I don't try to breed my piranhas but I have an idea on what would help simulating the rainy season. Why not have the return from the filter or sump, go to pvc pipes , with littles holes all the way down the pipes elevated 6 inches above the water to simulate actual raining. I know its a crazy idea ,and probably thought of before, but I thought I'd share it.


----------



## Handikapped (Nov 5, 2004)

not a bad idea but youd have to have one hell of a pump to get it working correctly. ive heard this idea proposed before and seem to remember that it worked. its just the fact that youve gotta have your pump and pvc matched up right so you dont overload the pump and fry it. good luck


----------



## KrazyCrusader (Oct 26, 2004)

IF you have seen the setup from Nick from Dontgointhewater.com he has his setup like that with a powerhead.
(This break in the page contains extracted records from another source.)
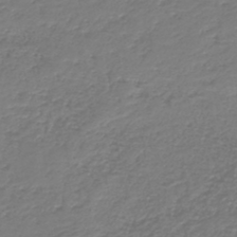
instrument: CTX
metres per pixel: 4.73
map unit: HNb
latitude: -42.1983
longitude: 49.9556
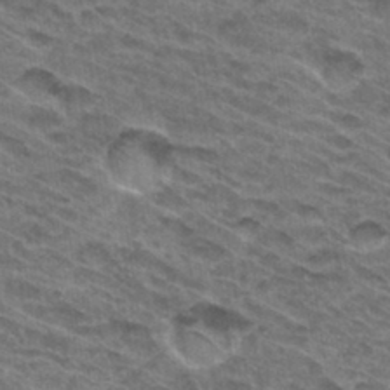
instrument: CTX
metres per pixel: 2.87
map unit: Hto
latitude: 32.0444
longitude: -46.8380
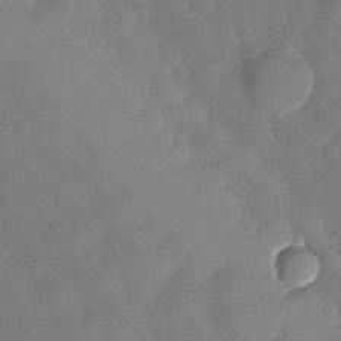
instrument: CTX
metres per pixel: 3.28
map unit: Nhu
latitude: -27.2942
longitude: -57.8205
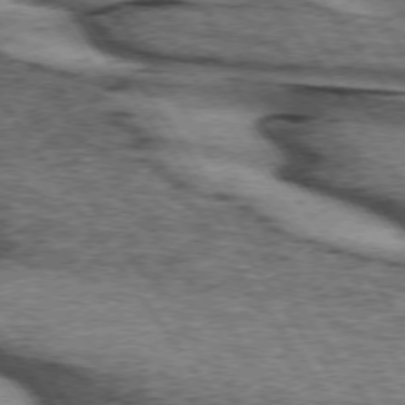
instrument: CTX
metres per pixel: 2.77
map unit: lApd
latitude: 73.7828
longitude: -75.4238
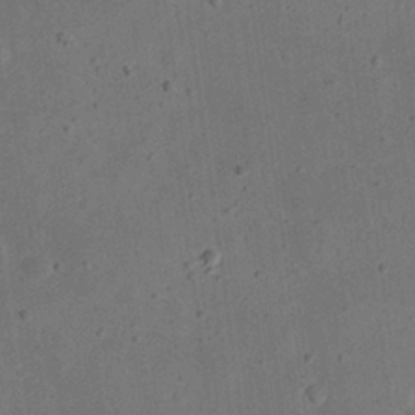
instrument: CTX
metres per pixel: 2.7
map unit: eHh
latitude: 24.0444
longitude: -68.8947
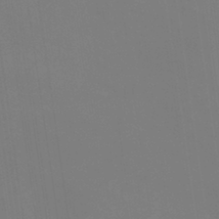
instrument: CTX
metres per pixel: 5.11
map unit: eHb
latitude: -38.2929
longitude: 75.4266
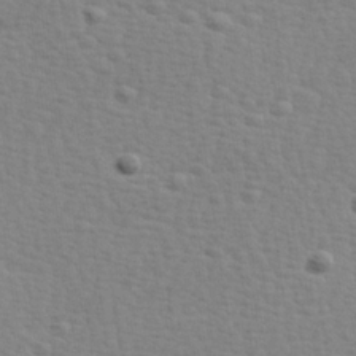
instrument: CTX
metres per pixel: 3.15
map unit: Hve
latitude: 25.9339
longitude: -93.9717
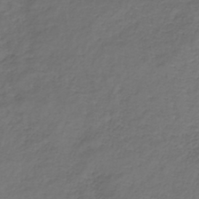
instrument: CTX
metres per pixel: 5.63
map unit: lHb
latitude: -39.3888
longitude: 73.2376
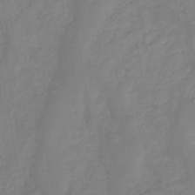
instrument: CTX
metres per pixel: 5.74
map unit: HNb
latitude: -43.8422
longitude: -39.9906
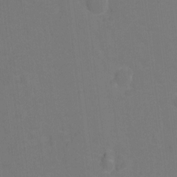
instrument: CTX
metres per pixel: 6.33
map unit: Hto
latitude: -0.9731
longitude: -34.5734
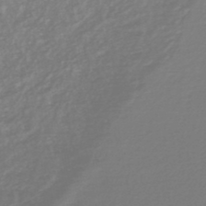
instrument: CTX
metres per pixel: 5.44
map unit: lHb
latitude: -45.6533
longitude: 70.8597
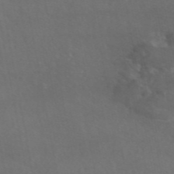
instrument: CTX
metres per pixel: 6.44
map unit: eAb
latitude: 45.9717
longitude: 117.1053
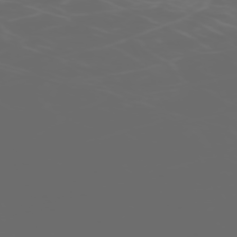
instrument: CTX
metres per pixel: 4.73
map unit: Hpe
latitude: -73.3320
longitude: 5.1809
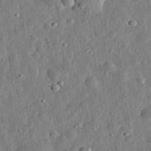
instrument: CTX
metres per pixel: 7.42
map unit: eHh
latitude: 32.4223
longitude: -76.6301
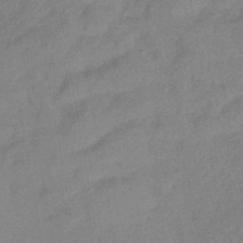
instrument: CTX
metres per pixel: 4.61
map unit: eHb
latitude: -41.7100
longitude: 84.2928
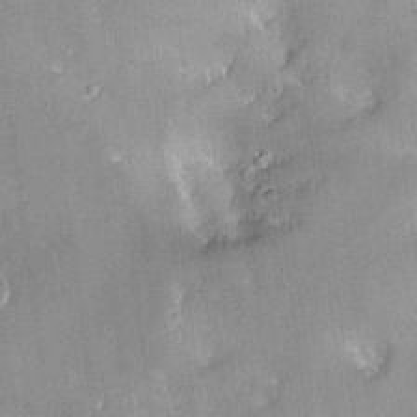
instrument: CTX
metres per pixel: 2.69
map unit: HNhu
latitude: 5.4993
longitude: 3.5210
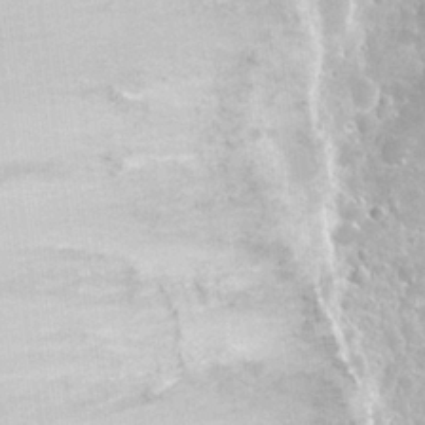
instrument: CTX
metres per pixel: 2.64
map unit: Nhu
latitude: 27.8583
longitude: -54.9136
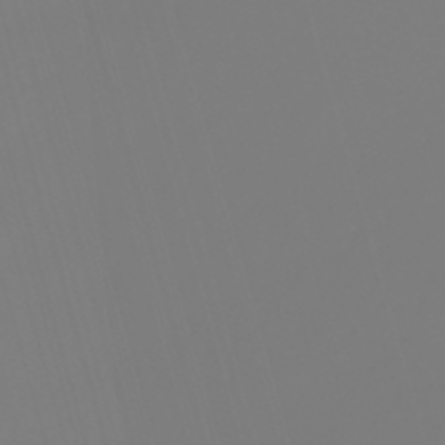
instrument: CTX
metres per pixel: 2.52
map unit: lHb
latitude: -50.1417
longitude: 81.9367
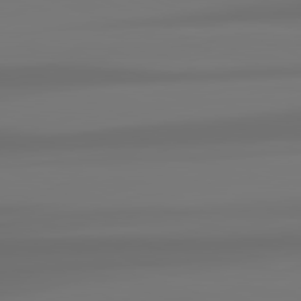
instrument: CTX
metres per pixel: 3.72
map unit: lApd
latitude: 81.4615
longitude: -144.6112
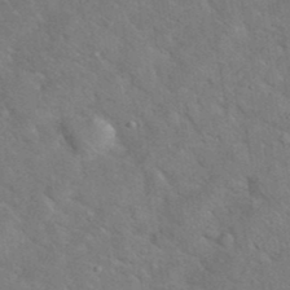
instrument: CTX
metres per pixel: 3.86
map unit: eHh
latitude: 38.1578
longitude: -65.3104
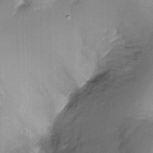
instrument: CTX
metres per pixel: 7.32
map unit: Ht
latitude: -17.6344
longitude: -44.6868
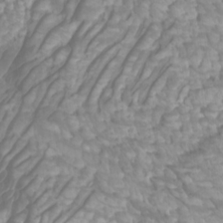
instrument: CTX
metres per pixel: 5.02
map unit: Htu
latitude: -6.0850
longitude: -76.1011
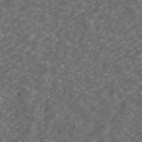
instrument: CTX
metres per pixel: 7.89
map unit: ANa
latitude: 43.4615
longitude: 30.1794
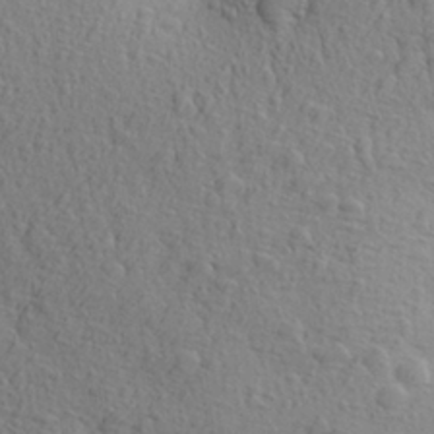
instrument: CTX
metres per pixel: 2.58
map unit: Aa
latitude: 27.0648
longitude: -144.2711
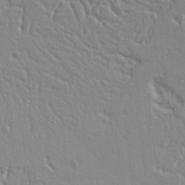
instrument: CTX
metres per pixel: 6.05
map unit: Ht
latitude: 9.7828
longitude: -77.0836
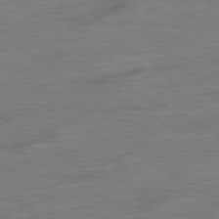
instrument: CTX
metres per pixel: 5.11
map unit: Ap
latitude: -80.0094
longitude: -83.8205
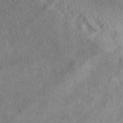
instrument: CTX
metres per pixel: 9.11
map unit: eAb
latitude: 41.1403
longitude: 104.5196
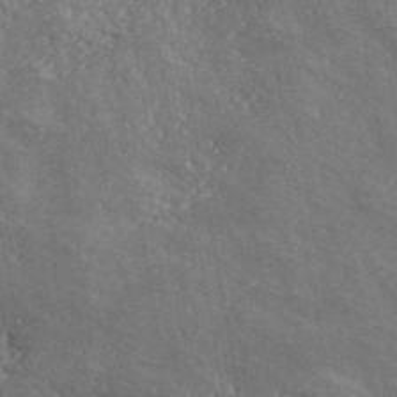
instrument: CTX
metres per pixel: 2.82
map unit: lHvf
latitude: 40.8569
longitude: -87.5560
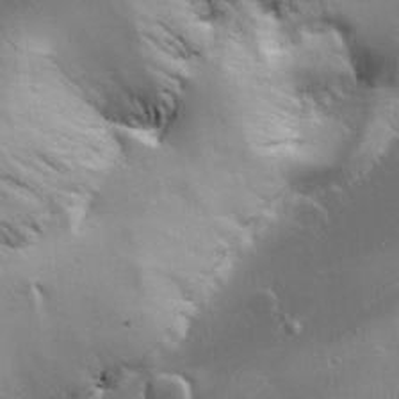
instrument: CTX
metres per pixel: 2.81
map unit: eHh
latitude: 24.7057
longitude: -90.3467
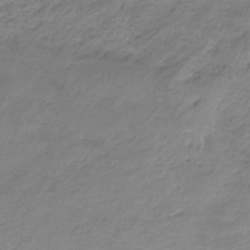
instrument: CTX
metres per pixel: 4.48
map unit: HNb
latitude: -34.4440
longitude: 58.2361
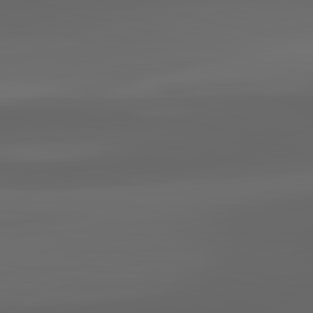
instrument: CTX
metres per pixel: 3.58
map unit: lApd
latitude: 83.0269
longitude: -135.1214
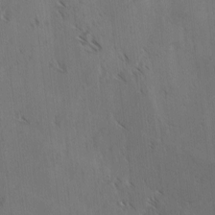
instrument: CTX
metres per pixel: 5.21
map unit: lAvf
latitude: -4.3873
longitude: -113.5560
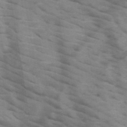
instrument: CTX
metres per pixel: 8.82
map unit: HNb
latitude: -47.0864
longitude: -45.3481
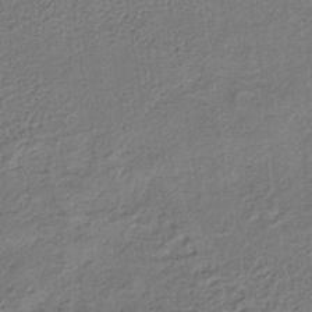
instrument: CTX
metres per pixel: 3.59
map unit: lHb
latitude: -35.6344
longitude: 62.5007
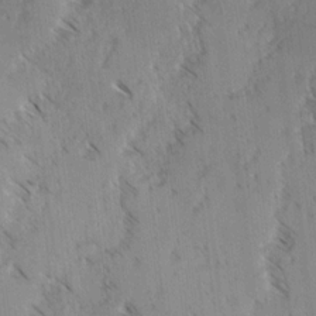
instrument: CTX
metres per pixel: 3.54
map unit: lAvf
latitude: -4.1039
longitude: -113.3293
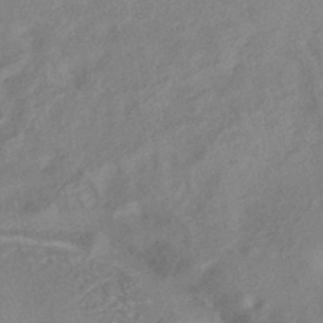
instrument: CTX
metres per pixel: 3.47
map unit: eHh
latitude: -41.2376
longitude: 120.3306
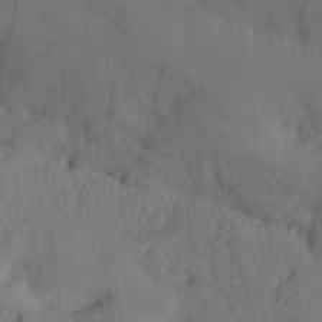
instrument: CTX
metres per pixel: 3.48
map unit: Nhu
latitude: 25.9717
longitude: -70.9702
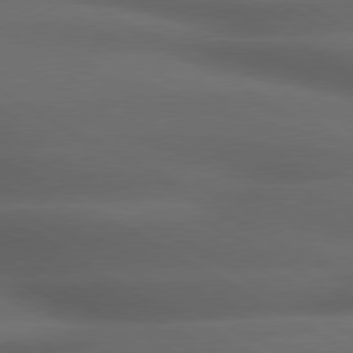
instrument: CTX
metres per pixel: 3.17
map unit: lApd
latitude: 79.2348
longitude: -118.5545
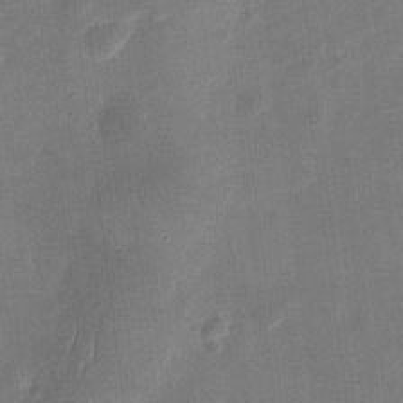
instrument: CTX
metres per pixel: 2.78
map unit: eHh
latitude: 8.4412
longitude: -74.1011
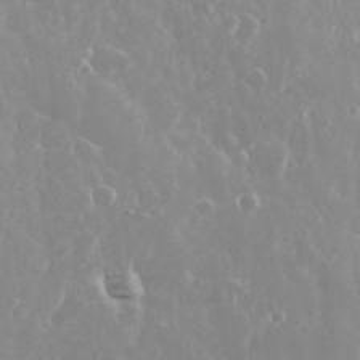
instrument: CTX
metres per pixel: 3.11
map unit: eHh
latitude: 35.7071
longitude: -58.6491
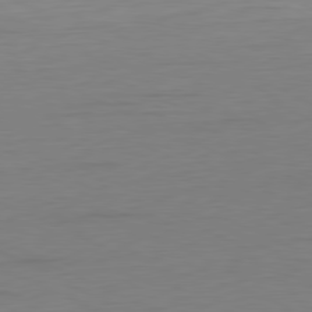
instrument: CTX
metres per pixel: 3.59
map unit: Ap
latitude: -81.0676
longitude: -60.1011

It's easy to setup and he's been doing it with success for sometime.


----------



## Azeral (Dec 28, 2004)

KrazyCrusader said:


> IF you have seen the setup from Nick from Dontgointhewater.com he has his setup like that with a powerhead. It's easy to setup and he's been doing it with success for sometime.
> [snapback]893768[/snapback]​


Nice, He has a cool setup. I figured it had already been done before.


----------



## Davo (Jan 29, 2004)

azeral26 said:


> I don't try to breed my piranhas but I have an idea on what would help simulating the rainy season. Why not have the return from the filter or sump, go to pvc pipes , with littles holes all the way down the pipes elevated 6 inches above the water to simulate actual raining. I know its a crazy idea ,and probably thought of before, but I thought I'd share it.
> [snapback]893721[/snapback]​


This is exactly how the rainy season is simulated.


----------



## P-Power (Jan 23, 2004)

My rena xp3 came with a long pipe peice that has like 12 holes in it...

I may use that for a change


----------



## Phtstrat (Sep 15, 2004)

Good idea. Don't you hate that when something comes to you but someone else has already thought of it?









If you decide to try and breed, make sure to post pics of your setup and water parameters etc.


----------



## marco (Jan 2, 2003)

P-Power said:


> My rena xp3 came with a long pipe peice that has like 12 holes in it...
> 
> I may use that for a change
> [snapback]920742[/snapback]​


that would work well


----------



## Raul-7 (Sep 1, 2004)

Any canister filter with a spraybar should do the job. Eheims and Renas are great filters with spraybars.


----------